Alors qu'elles menaient auparavant leurs activités en parallèle, la Société des établissements de plein air du Québec (Sépaq) et la Fédération des pourvoyeurs du Québec (FPQ) deviennent partenaires dans la promotion du tourisme faunique.

Suivant les termes d'une entente de collaboration et à travers un comité mixte, les deux organisations comptent développer des stratégies communes afin d'accroître les activités de pêche, de chasse et de villégiature dans les réserves fauniques ainsi que dans les pourvoiries de la province.

«C'est une idée que j'avais déjà en tête il y a 16 ans, au moment où je suis devenu président. Mais, les pourvoyeurs ne voyaient pas tous les choses de la même façon. Certains doutaient du bien-fondé de former une alliance avec les gens qu'ils percevaient comme des concurrents. Les mentalités ont évolué. La Sépaq est là pour rester, nous aussi, nos rôles sont complémentaires dans un domaine d'intérêts communs», résume le président de la FPQ, Normand Ouellet.

Ce dernier cite les analyses de marché comme possible collaboration.

«La Sépaq a réalisé des études poussées sur la relève. Nous serions fous de nous en priver et de reprendre le même travail. Le partage d'information ne peut que nous aider à mettre de l'avant, de part et d'autre, des stratégies mieux ciblées».

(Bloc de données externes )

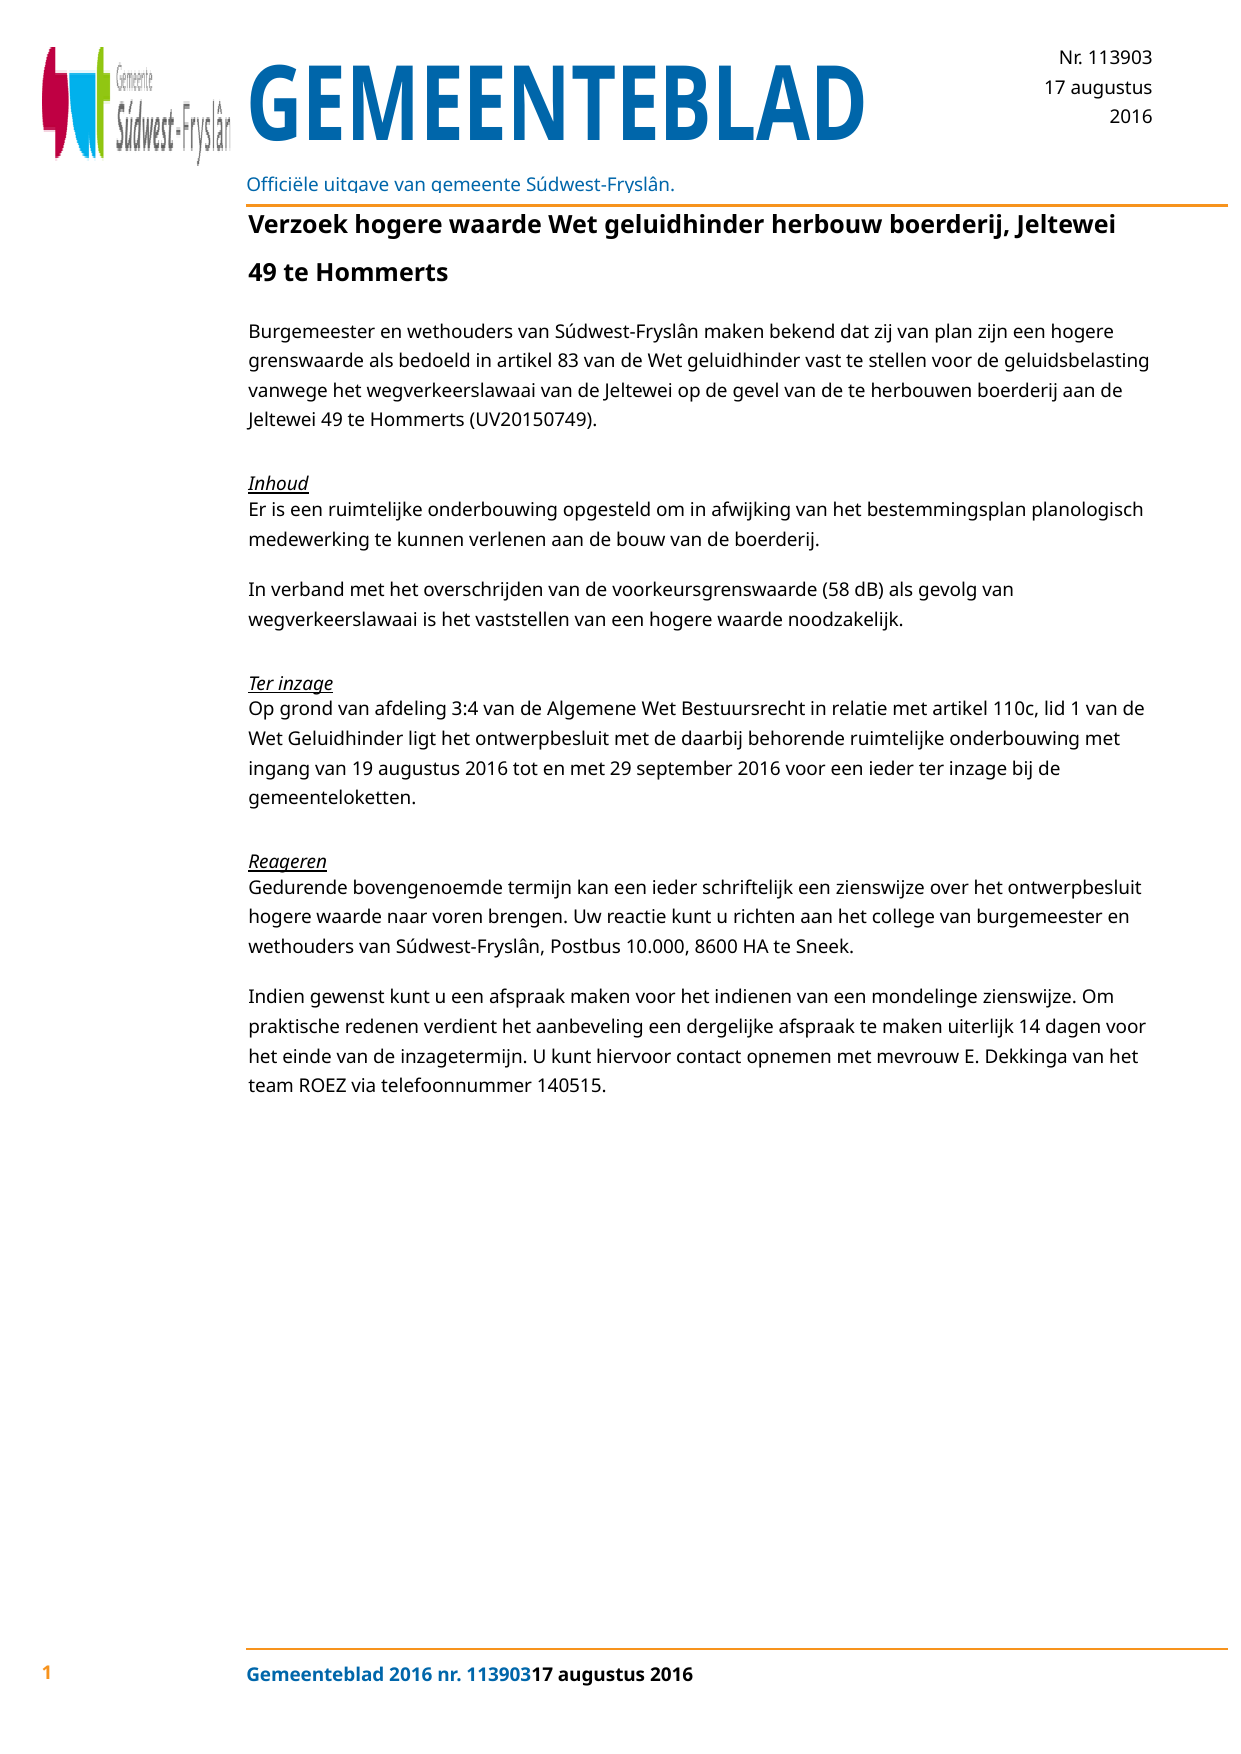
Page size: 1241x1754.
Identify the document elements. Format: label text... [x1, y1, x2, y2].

text Verzoek hogere waarde Wet geluidhinder herbouw boerderij, Jeltewei 49 te Hommerts [248, 207, 1152, 288]
text Er is een ruimtelijke onderbouwing opgesteld om in afwijking van het bestemmingsplan planologisch medewerking te kunnen verlenen aan de bouw van de boerderij. [248, 496, 1152, 552]
text Reageren [248, 848, 1152, 874]
text In verband met het overschrijden van de voorkeursgrenswaarde (58 dB) als gevolg van wegverkeerslawaai is het vaststellen van een hogere waarde noodzakelijk. [248, 576, 1152, 632]
text Op grond van afdeling 3:4 van de Algemene Wet Bestuursrecht in relatie met artikel 110c, lid 1 van de Wet Geluidhinder ligt het ontwerpbesluit met de daarbij behorende ruimtelijke onderbouwing met ingang van 19 augustus 2016 tot en met 29 september 2016 voor een ieder ter inzage bij de gemeenteloketten. [248, 696, 1152, 810]
text Burgemeester en wethouders van Súdwest-Fryslân maken bekend dat zij van plan zijn een hogere grenswaarde als bedoeld in artikel 83 van de Wet geluidhinder vast te stellen voor de geluidsbelasting vanwege het wegverkeerslawaai van de Jeltewei op de gevel van de te herbouwen boerderij aan de Jeltewei 49 te Hommerts (UV20150749). [248, 318, 1152, 432]
text Indien gewenst kunt u een afspraak maken voor het indienen van een mondelinge zienswijze. Om praktische redenen verdient het aanbeveling een dergelijke afspraak te maken uiterlijk 14 dagen voor het einde van de inzagetermijn. U kunt hiervoor contact opnemen met mevrouw E. Dekkinga van het team ROEZ via telefoonnummer 140515. [248, 984, 1152, 1098]
text Inhoud [248, 471, 1152, 496]
text Gedurende bovengenoemde termijn kan een ieder schriftelijk een zienswijze over het ontwerpbesluit hogere waarde naar voren brengen. Uw reactie kunt u richten aan het college van burgemeester en wethouders van Súdwest-Fryslân, Postbus 10.000, 8600 HA te Sneek. [248, 874, 1152, 959]
picture [41, 47, 231, 172]
text Ter inzage [248, 670, 1152, 696]
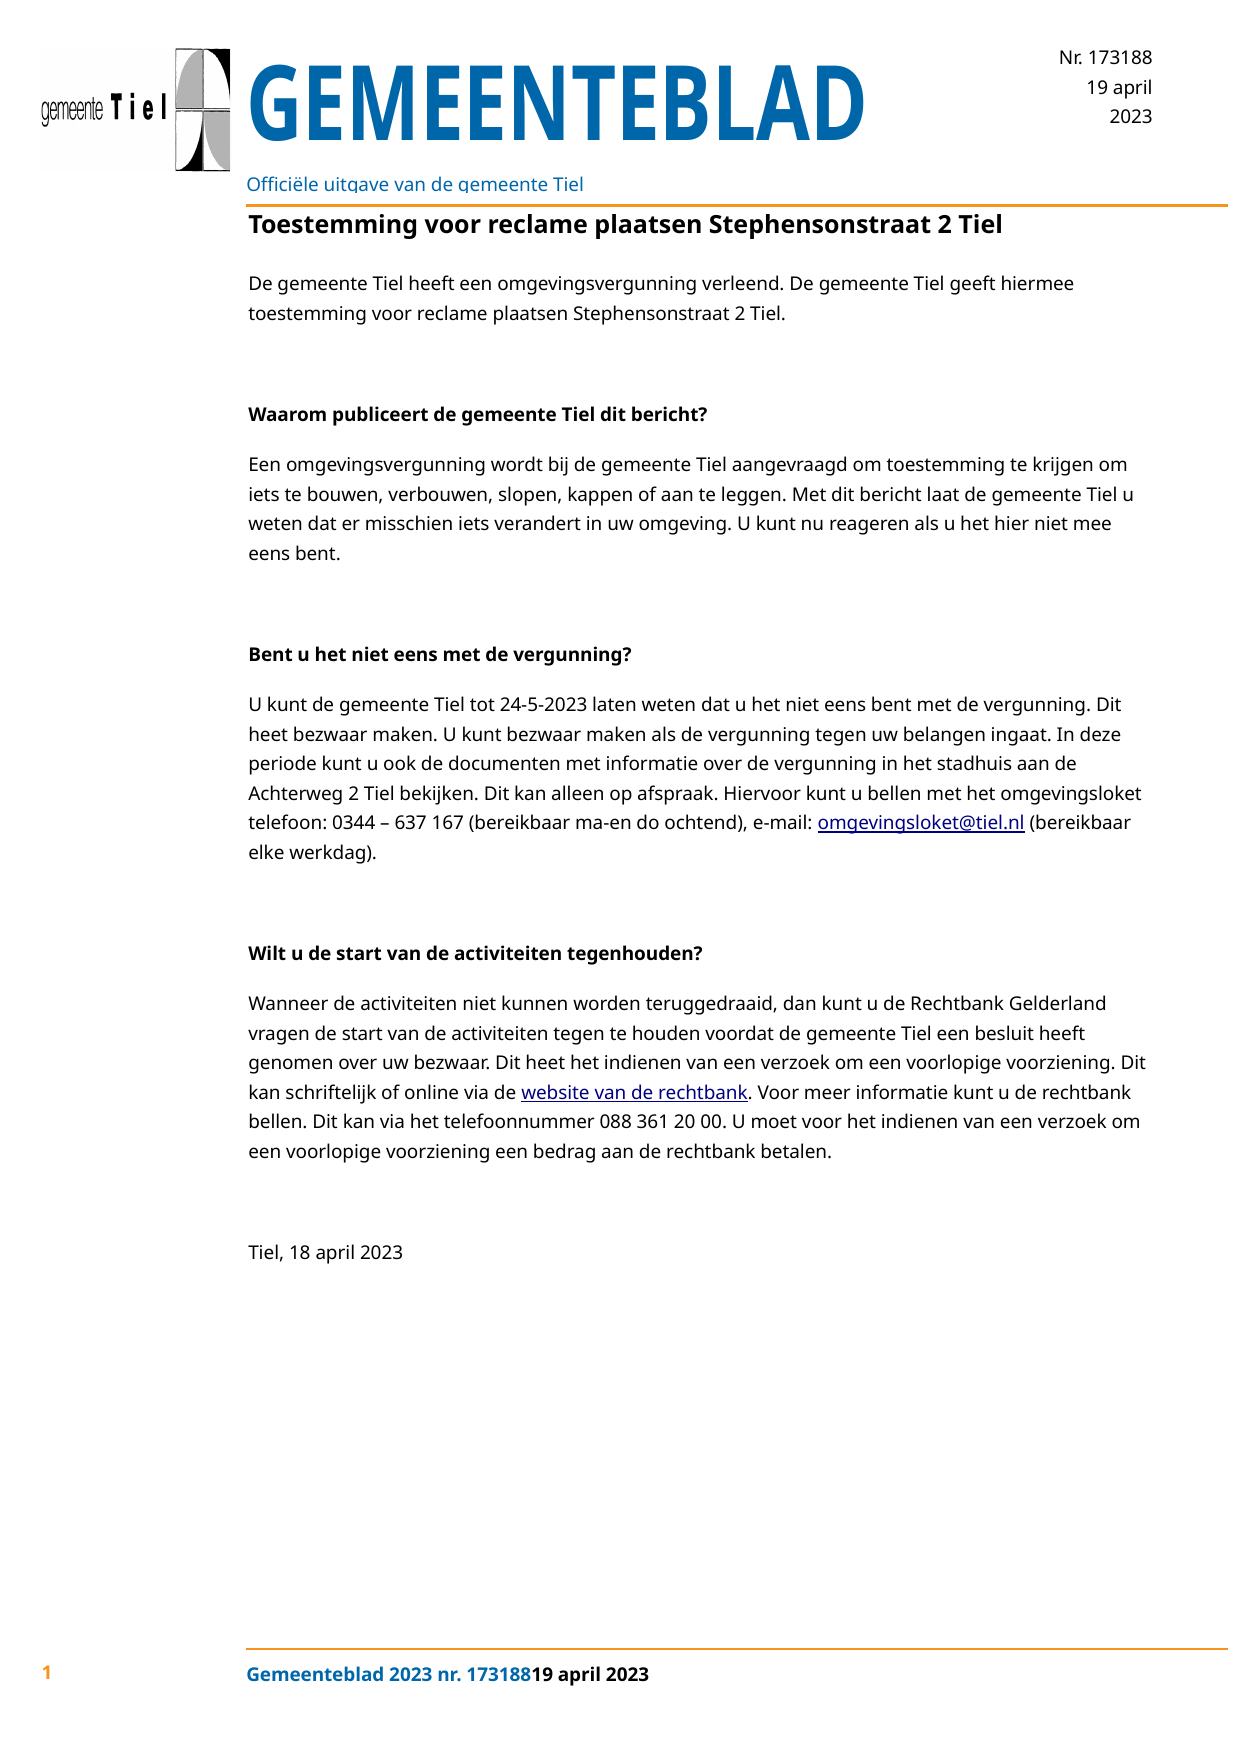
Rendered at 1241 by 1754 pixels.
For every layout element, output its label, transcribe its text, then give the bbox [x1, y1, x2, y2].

text Een omgevingsvergunning wordt bij de gemeente Tiel aangevraagd om toestemming te krijgen om iets te bouwen, verbouwen, slopen, kappen of aan te leggen. Met dit bericht laat de gemeente Tiel u weten dat er misschien iets verandert in uw omgeving. U kunt nu reageren als u het hier niet mee eens bent. [248, 451, 1152, 566]
text De gemeente Tiel heeft een omgevingsvergunning verleend. De gemeente Tiel geeft hiermee toestemming voor reclame plaatsen Stephensonstraat 2 Tiel. [248, 270, 1152, 326]
text Wilt u de start van de activiteiten tegenhouden? [248, 940, 1152, 966]
text Waarom publiceert de gemeente Tiel dit bericht? [248, 401, 1152, 426]
text Toestemming voor reclame plaatsen Stephensonstraat 2 Tiel [248, 207, 1152, 241]
text Bent u het niet eens met de vergunning? [248, 641, 1152, 666]
picture [41, 47, 231, 172]
text Wanneer de activiteiten niet kunnen worden teruggedraaid, dan kunt u de Rechtbank Gelderland vragen de start van de activiteiten tegen te houden voordat de gemeente Tiel een besluit heeft genomen over uw bezwaar. Dit heet het indienen van een verzoek om een voorlopige voorziening. Dit kan schriftelijk of online via de website van de rechtbank. Voor meer informatie kunt u de rechtbank bellen. Dit kan via het telefoonnummer 088 361 20 00. U moet voor het indienen van een verzoek om een voorlopige voorziening een bedrag aan de rechtbank betalen. [248, 990, 1152, 1164]
text U kunt de gemeente Tiel tot 24-5-2023 laten weten dat u het niet eens bent met de vergunning. Dit heet bezwaar maken. U kunt bezwaar maken als de vergunning tegen uw belangen ingaat. In deze periode kunt u ook de documenten met informatie over de vergunning in het stadhuis aan de Achterweg 2 Tiel bekijken. Dit kan alleen op afspraak. Hiervoor kunt u bellen met het omgevingsloket telefoon: 0344 – 637 167 (bereikbaar ma-en do ochtend), e-mail: omgevingsloket@tiel.nl (bereikbaar elke werkdag). [248, 691, 1152, 865]
text Tiel, 18 april 2023 [248, 1239, 1152, 1265]

La porte-parole de la Sépaq, Élaine Ayotte, perçoit les choses de la même façon.

«Une forte proportion de notre clientèle est constituée de pêcheurs et de chasseurs du Québec alors que les pourvoyeurs recrutent davantage à l'extérieur de la province. Les deux organisations ont avantage à tirer dans le même sens pour augmenter la pénétration des marchés», illustre-t-elle.

Les pourvoyeurs québécois ont notamment effectué des percées prometteuses en Ontario ainsi que dans certaines provinces de l'Ouest.

«Les gens là-bas semblent avoir mis les différends politiques de côté et ils ont de plus en plus d'intérêt pour notre offre de chasse. Il faut capitaliser là-dessus», insiste Normand Ouellet.

La Sépaq a lancé certains programmes orientés vers la relève. La Fédération des pourvoyeurs a fait de même.

«Nous aurons sûrement à l'avenir une meilleure portée avec des actions concertées. À cet égard, le défi est le même», indique Mme Ayotte.

Les ressources budgétaires étant de plus en plus rares, en unissant leurs voix, la Sépaq et les pourvoyeurs augmenteront leur pouvoir de représentation auprès des autorités gouvernementales.

«Les pourvoyeurs, la Sépaq, les Zecs, les usagers des territoires libres, ça fait beaucoup de monde à satisfaire. En fixant et en moussant nos demandes conjointement, nous cesserons de prendre les décideurs politiques en tourmente et nous augmenterons nos chances d'aller chercher notre juste part du financement», voit comme autre avantage le représentant des pourvoyeurs.

Ce partenariat est intelligent. Les clients en seront vraisemblablement les premiers bénéficiaires.

À moins que la collaboration ne mène à l'uniformisation à la hausse des prix. Osons croire que les gestionnaires du bien public et leurs partenaires privés sauront rester loin des tentations de collusion.